### Task to carry out
Copy out, from the entries below, each line holding the string "platform".

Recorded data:
=-=-=

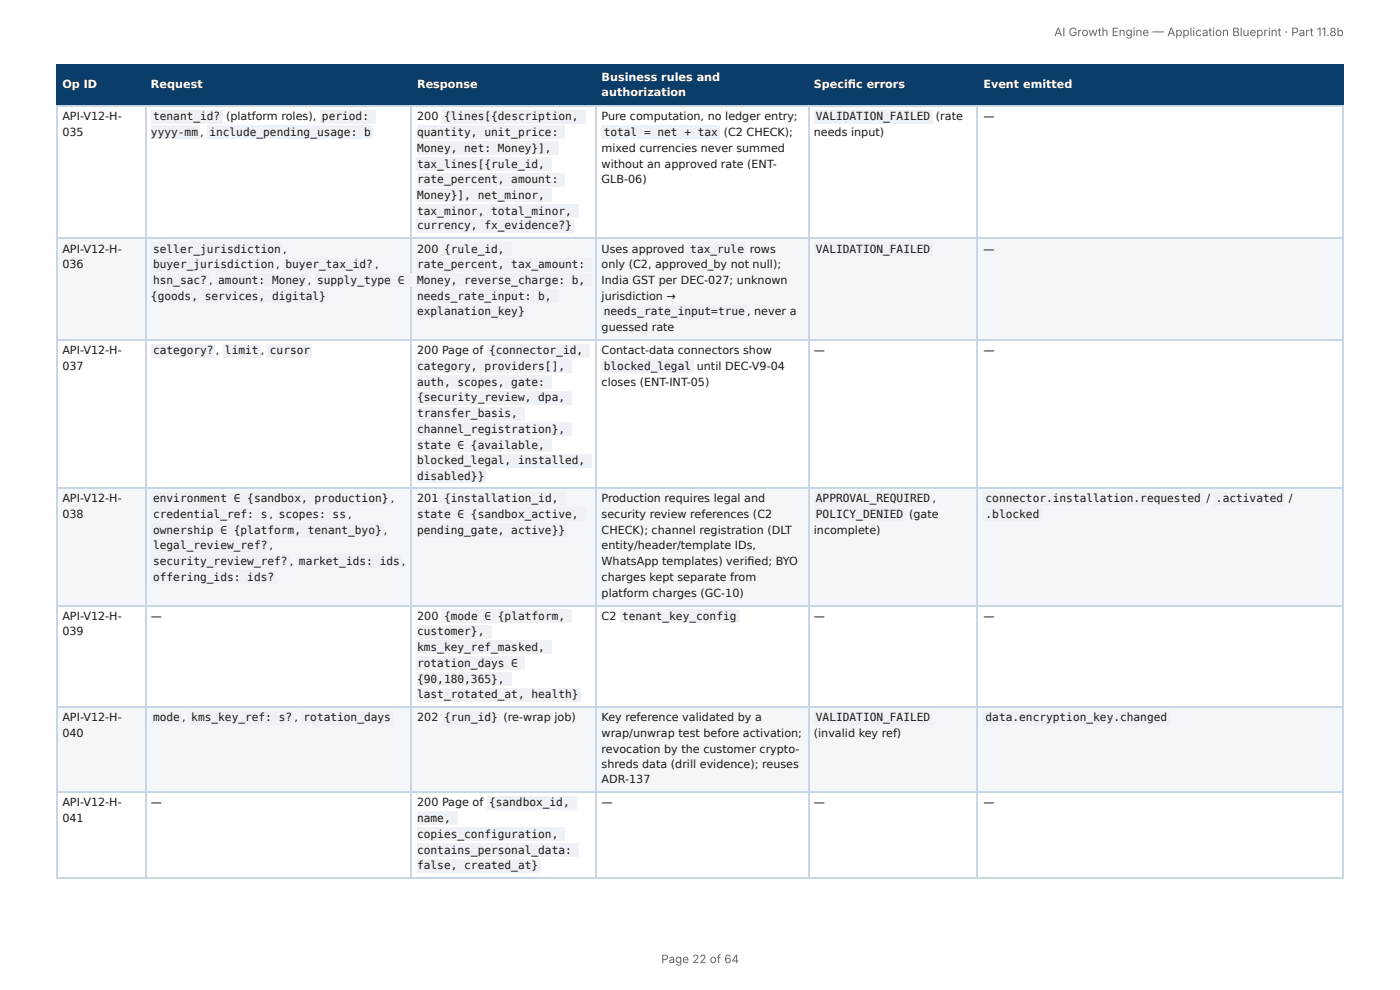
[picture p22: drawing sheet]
<svg xmlns="http://www.w3.org/2000/svg" width="297mm" height="210mm" viewBox="0 0 297 210" stroke-linecap="round" stroke-linejoin="round" font-family="sans-serif">
<defs><g id="words">
<g font-size="2.5" fill="#666">
<text x="223.9" y="7.7">AI Growth Engine — Application Blueprint · Part 11.8b</text>
<text x="140.4" y="204.5">Page 22 of 64</text>
</g>
<g font-size="2.4" fill="#fff">
<text x="127.8" y="17.1">Business rules and</text>
<text x="13.2" y="18.7">Op ID</text>
<text x="32.1" y="18.7">Request</text>
<text x="88.6" y="18.7">Response</text>
<text x="127.8" y="20.4">authorization</text>
<text x="172.9" y="18.7">Specifi c errors</text>
<text x="208.9" y="18.7">Event emitted</text>
</g>
<g font-size="2.4" fill="#1a1a1a">
<text x="13.2" y="25.6">API-V12-H-</text>
<text x="13.2" y="28.9">035</text>
<text x="32.1" y="28.9">yyyy-mm</text>
<text x="32.5" y="25.6">tenant_id?</text>
<text x="42.5" y="28.9">,</text>
<text x="44.5" y="28.9">include_pending_usage: b</text>
<text x="48" y="25.6">(platform roles),</text>
<text x="68.4" y="25.6">period:</text>
<text x="88.6" y="25.6">200</text>
<text x="88.6" y="28.9">quantity, unit_price:</text>
<text x="94.3" y="25.6">{lines[{description,</text>
<text x="127.8" y="25.6">Pure computation, no ledger entry;</text>
<text x="128.2" y="28.9">total = net + tax</text>
<text x="153.7" y="28.9">(C2 CHECK);</text>
<text x="172.9" y="28.9">needs input)</text>
<text x="173.3" y="25.6">VALIDATION_FAILED</text>
<text x="198.8" y="25.6">(rate</text>
<text x="208.9" y="25.6">—</text>
<text x="88.6" y="32.2">Money, net: Money}],</text>
<text x="88.6" y="35.6">tax_lines[{rule_id,</text>
<text x="127.8" y="32.2">mixed currencies never summed</text>
<text x="127.8" y="35.6">without an approved rate (ENT-</text>
<text x="88.6" y="38.9">rate_percent, amount:</text>
<text x="127.8" y="38.9">GLB-06)</text>
<text x="88.6" y="42.3">Money}], net_minor,</text>
<text x="88.6" y="45.6">tax_minor, total_minor,</text>
<text x="13.2" y="53.6">API-V12-H-</text>
<text x="32.5" y="53.6">seller_jurisdiction</text>
<text x="60.1" y="53.6">,</text>
<text x="88.6" y="48.7">currency, fx_evidence?}</text>
<text x="88.6" y="53.6">200</text>
<text x="94.3" y="53.6">{rule_id,</text>
<text x="127.8" y="53.6">Uses approved</text>
<text x="146.6" y="53.6">tax_rule</text>
<text x="159.2" y="53.6">rows</text>
<text x="173.3" y="53.6">VALIDATION_FAILED</text>
<text x="208.9" y="53.6">—</text>
<text x="13.2" y="57">036</text>
<text x="32.5" y="57">buyer_jurisdiction</text>
<text x="58.7" y="57">,</text>
<text x="60.6" y="57">buyer_tax_id?</text>
<text x="79.7" y="57">,</text>
<text x="88.6" y="57">rate_percent, tax_amount:</text>
<text x="127.8" y="57">only (C2, approved_by not null);</text>
<text x="32.1" y="63.7">{goods, services, digital}</text>
<text x="32.5" y="60.3">hsn_sac? ,</text>
<text x="46.4" y="60.3">amount: Money</text>
<text x="65.4" y="60.3">,</text>
<text x="67.3" y="60.3">supply_type ∈</text>
<text x="88.6" y="60.3">Money, reverse_charge: b,</text>
<text x="88.6" y="63.7">needs_rate_input: b,</text>
<text x="127.8" y="60.3">India GST per DEC-027; unknown</text>
<text x="127.8" y="63.7">jurisdiction →</text>
<text x="88.6" y="67">explanation_key}</text>
<text x="127.8" y="70.3">guessed rate</text>
<text x="128.2" y="67">needs_rate_input=true , never a</text>
<text x="13.2" y="75.2">API-V12-H-</text>
<text x="32.5" y="75.2">category?</text>
<text x="45.8" y="75.2">,</text>
<text x="47.8" y="75.2">limit</text>
<text x="55.4" y="75.2">,</text>
<text x="57.3" y="75.2">cursor</text>
<text x="88.6" y="75.2">200 Page of</text>
<text x="103.9" y="75.2">{connector_id,</text>
<text x="127.8" y="75.2">Contact-data connectors show</text>
<text x="172.9" y="75.2">—</text>
<text x="208.9" y="75.2">—</text>
<text x="13.2" y="78.6">037</text>
<text x="88.6" y="78.6">category, providers[],</text>
<text x="88.6" y="81.9">auth, scopes, gate:</text>
<text x="127.8" y="81.9">closes (ENT-INT-05)</text>
<text x="128.2" y="78.6">blocked_legal</text>
<text x="148" y="78.6">until DEC-V9-04</text>
<text x="88.6" y="85.3">{security_review, dpa,</text>
<text x="88.6" y="88.6">transfer_basis,</text>
<text x="88.6" y="91.9">channel_registration},</text>
<text x="88.6" y="95.3">state ∈ {available,</text>
<text x="88.6" y="98.6">blocked_legal, installed,</text>
<text x="88.6" y="102">disabled}}</text>
<text x="13.2" y="106.6">API-V12-H-</text>
<text x="32.5" y="106.6">environment ∈ {sandbox, production}</text>
<text x="83" y="106.6">,</text>
<text x="88.6" y="106.6">201</text>
<text x="94.3" y="106.6">{installation_id,</text>
<text x="127.8" y="106.6">Production requires legal and</text>
<text x="173.3" y="106.6">APPROVAL_REQUIRED ,</text>
<text x="209.3" y="106.6">connector.installation.requested</text>
<text x="256.3" y="106.6">/</text>
<text x="258.3" y="106.6">.activated</text>
<text x="273.8" y="106.6">/</text>
<text x="13.2" y="110">038</text>
<text x="32.5" y="110">credential_ref: s ,</text>
<text x="32.5" y="113.3">ownership ∈ {platform, tenant_byo} ,</text>
<text x="59.2" y="110">scopes: ss ,</text>
<text x="88.6" y="110">state ∈ {sandbox_active,</text>
<text x="88.6" y="113.3">pending_gate, active}}</text>
<text x="127.8" y="110">security review references (C2</text>
<text x="127.8" y="113.3">CHECK); channel registration (DLT</text>
<text x="172.9" y="113.3">incomplete)</text>
<text x="173.3" y="110">POLICY_DENIED</text>
<text x="193.1" y="110">(gate</text>
<text x="209.3" y="110">.blocked</text>
<text x="32.5" y="116.7">legal_review_ref? ,</text>
<text x="127.8" y="116.7">entity/header/template IDs,</text>
<text x="32.5" y="120">security_review_ref? ,</text>
<text x="32.5" y="123.3">offering_ids: ids?</text>
<text x="63.5" y="120">market_ids: ids ,</text>
<text x="127.8" y="120">WhatsApp templates) verifi ed; BYO</text>
<text x="127.8" y="123.3">charges kept separate from</text>
<text x="13.2" y="131.6">API-V12-H-</text>
<text x="32.1" y="131.6">—</text>
<text x="88.6" y="131.6">200</text>
<text x="94.3" y="131.6">{mode ∈ {platform,</text>
<text x="127.8" y="126.7">platform charges (GC-10)</text>
<text x="127.8" y="131.6">C2</text>
<text x="132.1" y="131.6">tenant_key_config</text>
<text x="172.9" y="131.6">—</text>
<text x="208.9" y="131.6">—</text>
<text x="13.2" y="134.9">039</text>
<text x="88.6" y="134.9">customer},</text>
<text x="88.6" y="138.3">kms_key_ref_masked,</text>
<text x="88.6" y="141.6">rotation_days ∈</text>
<text x="88.6" y="144.9">{90,180,365},</text>
<text x="88.6" y="148.3">last_rotated_at, health}</text>
<text x="13.2" y="153.2">API-V12-H-</text>
<text x="32.5" y="153.2">mode</text>
<text x="38.7" y="153.2">,</text>
<text x="40.6" y="153.2">kms_key_ref: s?</text>
<text x="62.5" y="153.2">,</text>
<text x="64.5" y="153.2">rotation_days</text>
<text x="88.6" y="153.2">202</text>
<text x="94.3" y="153.2">{run_id}</text>
<text x="107" y="153.2">(re-wrap job)</text>
<text x="127.8" y="153.2">Key reference validated by a</text>
<text x="173.3" y="153.2">VALIDATION_FAILED</text>
<text x="209.3" y="153.2">data.encryption_key.changed</text>
<text x="13.2" y="156.5">040</text>
<text x="127.8" y="156.5">wrap/unwrap test before activation;</text>
<text x="127.8" y="159.9">revocation by the customer crypto-</text>
<text x="172.9" y="156.5">(invalid key ref)</text>
<text x="127.8" y="163">shreds data (drill evidence); reuses</text>
<text x="127.8" y="166.3">ADR-137</text>
<text x="13.2" y="171.2">API-V12-H-</text>
<text x="32.1" y="171.2">—</text>
<text x="88.6" y="171.2">200 Page of</text>
<text x="103.9" y="171.2">{sandbox_id,</text>
<text x="127.8" y="171.2">—</text>
<text x="172.9" y="171.2">—</text>
<text x="208.9" y="171.2">—</text>
<text x="13.2" y="174.6">041</text>
<text x="88.6" y="174.6">name,</text>
<text x="88.6" y="177.9">copies_configuration,</text>
<text x="88.6" y="181.3">contains_personal_data:</text>
<text x="88.6" y="184.6">false, created_at}</text>
</g>
</g></defs>
<g fill="#0b3d6b">
<path d="M12.1 14h18.7v8.4h-18.7z"/>
<path d="M30.8 14h56.6v8.4h-56.6z"/>
<path d="M87.4 14h39.2v8.4h-39.2z"/>
<path d="M126.6 14h45v8.4h-45z"/>
<path d="M171.6 14h36.1v8.4h-36.1z"/>
<path d="M207.7 14h77.7v8.4h-77.7z"/>
</g>
<g fill="#f4f7fa">
<path d="M12.1 50.7h18.7v21.6h-18.7z"/>
<path d="M30.8 50.7h56.6v21.6h-56.6z"/>
<path d="M87.4 50.7h39.2v21.6h-39.2z"/>
<path d="M126.6 50.7h45v21.6h-45z"/>
<path d="M171.6 50.7h36.1v21.6h-36.1z"/>
<path d="M207.7 50.7h77.7v21.6h-77.7z"/>
<path d="M12.1 103.7h18.7v25h-18.7z"/>
<path d="M30.8 103.7h56.6v25h-56.6z"/>
<path d="M87.4 103.7h39.2v25h-39.2z"/>
<path d="M126.6 103.7h45v25h-45z"/>
<path d="M171.6 103.7h36.1v25h-36.1z"/>
<path d="M207.7 103.7h77.7v25h-77.7z"/>
<path d="M12.1 150.1h18.7v18.2h-18.7z"/>
<path d="M30.8 150.1h56.6v18.2h-56.6z"/>
<path d="M87.4 150.1h39.2v18.2h-39.2z"/>
<path d="M126.6 150.1h45v18.2h-45z"/>
<path d="M171.6 150.1h36.1v18.2h-36.1z"/>
<path d="M207.7 150.1h77.7v18.2h-77.7z"/>
</g>
<path d="M11.9 13.9h273.5M12 13.8v8.9M31 13.8v8.9M87.3 13.8v8.9M126.5 13.8v8.9M171.7 13.8v8.9M207.6 13.8v8.9M11.9 22.6h273.5" fill="none" stroke="#0b3d6b" stroke-width=".22"/>
<path d="M285.3 13.8v8.9" fill="none" stroke="#0b3d6b" stroke-width=".21"/>
<g fill="none" stroke="#c9d6e3" stroke-width=".22">
<path d="M11.9 22.6h273.5M12 22.7v163.9M31 22.7v163.9M87.3 22.7v163.9M126.5 22.7v163.9M171.7 22.7v163.9M207.6 22.7v163.9M11.9 50.6h273.5M11.9 72.2h273.5M11.9 103.6h273.5M11.9 128.6h273.5M11.9 150.2h273.5"/>
<path d="M11.9 168.2h273.5M11.9 186.5h273.5"/>
</g>
<path d="M285.3 22.7v163.9" fill="none" stroke="#c9d6e3" stroke-width=".21"/>
<g fill="#eef2f6">
<path d="M32.2 23.3h15.1v2.9h-15.1z"/>
<path d="M68 23.3h11.8v2.9h-11.8z"/>
<path d="M32.2 26.7h10.2v2.9h-10.2z"/>
<path d="M44 26.7h35.2v2.9h-35.2z"/>
<path d="M93.9 23.3h30.5v2.9h-30.5z"/>
<path d="M88.5 26.7h31.4v2.9h-31.4z"/>
<path d="M88.5 30h30.1v2.9h-30.1z"/>
<path d="M88.5 33.4h28.8v2.9h-28.8z"/>
<path d="M88.5 36.7h31.4v2.9h-31.4z"/>
<path d="M88.5 40h28.8v2.9h-28.8z"/>
<path d="M88.5 43.4h34.3v2.9h-34.3z"/>
<path d="M88.5 46.5h33.4v2.9h-33.4z"/>
<path d="M127.7 26.7h25.2v2.9h-25.2z"/>
<path d="M172.9 23.3h25.2v2.9h-25.2z"/>
<path d="M32.2 51.4h27.8v2.9h-27.8z"/>
<path d="M32.2 54.7h26.5v2.9h-26.5z"/>
<path d="M60.2 54.7h19.4v2.9h-19.4z"/>
<path d="M32.2 58.1h12.2v2.9h-12.2z"/>
<path d="M46 58.1h19.4v2.9h-19.4z"/>
<path d="M66.9 58.1h20.5v2.9h-20.5z"/>
<path d="M32.2 61.4h37.4v2.9h-37.4z"/>
<path d="M93.9 51.4h14.7v2.9h-14.7z"/>
<path d="M88.5 54.7h37.2v2.9h-37.2z"/>
<path d="M88.5 58.1h37.2v2.9h-37.2z"/>
<path d="M88.5 61.4h30.1v2.9h-30.1z"/>
<path d="M88.5 64.8h23.4v2.9h-23.4z"/>
<path d="M146.2 51.4h12.3v2.9h-12.3z"/>
<path d="M127.7 64.8h31v2.9h-31z"/>
<path d="M172.9 51.4h25.2v2.9h-25.2z"/>
<path d="M32.2 73h13.6v2.9h-13.6z"/>
<path d="M47.3 73h8v2.9h-8z"/>
<path d="M56.9 73h9.4v2.9h-9.4z"/>
<path d="M103.5 73h21.8v2.9h-21.8z"/>
<path d="M88.5 76.3h33v2.9h-33z"/>
<path d="M88.5 79.7h28.8v2.9h-28.8z"/>
<path d="M88.5 83h33v2.9h-33z"/>
<path d="M88.5 86.4h23v2.9h-23z"/>
<path d="M88.5 89.7h33v2.9h-33z"/>
<path d="M88.5 93.1h28.8v2.8h-28.8z"/>
<path d="M88.5 96.4h37.2v2.9h-37.2z"/>
<path d="M88.5 99.7h14.7v2.9h-14.7z"/>
<path d="M127.7 76.3h19.6v2.9h-19.6z"/>
<path d="M32.2 104.4h50.8v2.9h-50.8z"/>
<path d="M32.2 107.8h25.1v2.8h-25.1z"/>
<path d="M58.7 107.8h15.3v2.8h-15.3z"/>
<path d="M32.2 111.1h49.4v2.9h-49.4z"/>
<path d="M32.2 114.4h25.1v2.9h-25.1z"/>
<path d="M32.2 117.8h29.4v2.9h-29.4z"/>
<path d="M63.1 117.8h22.3v2.9h-22.3z"/>
<path d="M32.2 121.1h26.5v2.9h-26.5z"/>
<path d="M93.9 104.4h26.3v2.9h-26.3z"/>
<path d="M88.5 107.8h35.9v2.8h-35.9z"/>
<path d="M88.5 111.1h31.9v2.9h-31.9z"/>
<path d="M172.9 104.4h25.2v2.9h-25.2z"/>
<path d="M172.9 107.8h19.4v2.8h-19.4z"/>
<path d="M208.8 104.4h46.8v2.9h-46.8z"/>
<path d="M257.8 104.4h15.2v2.9h-15.2z"/>
<path d="M208.8 107.8h12.5v2.8h-12.5z"/>
<path d="M93.9 129.4h27.6v2.9h-27.6z"/>
<path d="M88.5 132.7h15.8v2.9h-15.8z"/>
<path d="M88.5 136h28.8v2.9h-28.8z"/>
<path d="M88.5 139.4h23v2.9h-23z"/>
<path d="M88.5 142.7h20.1v2.9h-20.1z"/>
<path d="M88.5 146.1h34.8v2.9h-34.8z"/>
<path d="M131.7 129.4h25.2v2.9h-25.2z"/>
<path d="M32.2 151h6.4v2.9h-6.4z"/>
<path d="M40.2 151h22.3v2.9h-22.3z"/>
<path d="M64 151h19.4v2.9h-19.4z"/>
<path d="M93.9 151h12.2v2.9h-12.2z"/>
<path d="M172.9 151h25.2v2.9h-25.2z"/>
<path d="M208.8 151h39.7v2.9h-39.7z"/>
<path d="M103.5 169h18.9v2.9h-18.9z"/>
<path d="M88.5 172.3h8.7v2.9h-8.7z"/>
<path d="M88.5 175.7h31.4v2.9h-31.4z"/>
<path d="M88.5 179h34.3v2.9h-34.3z"/>
<path d="M88.5 182.4h26.3v2.9h-26.3z"/>
</g>
<use href="#words"/>
</svg>

=-=-=

### Result below
<text x="48" y="25.6">(platform roles),</text>
<text x="32.5" y="113.3">ownership ∈ {platform, tenant_byo} ,</text>
<text x="94.3" y="131.6">{mode ∈ {platform,</text>
<text x="127.8" y="126.7">platform charges (GC-10)</text>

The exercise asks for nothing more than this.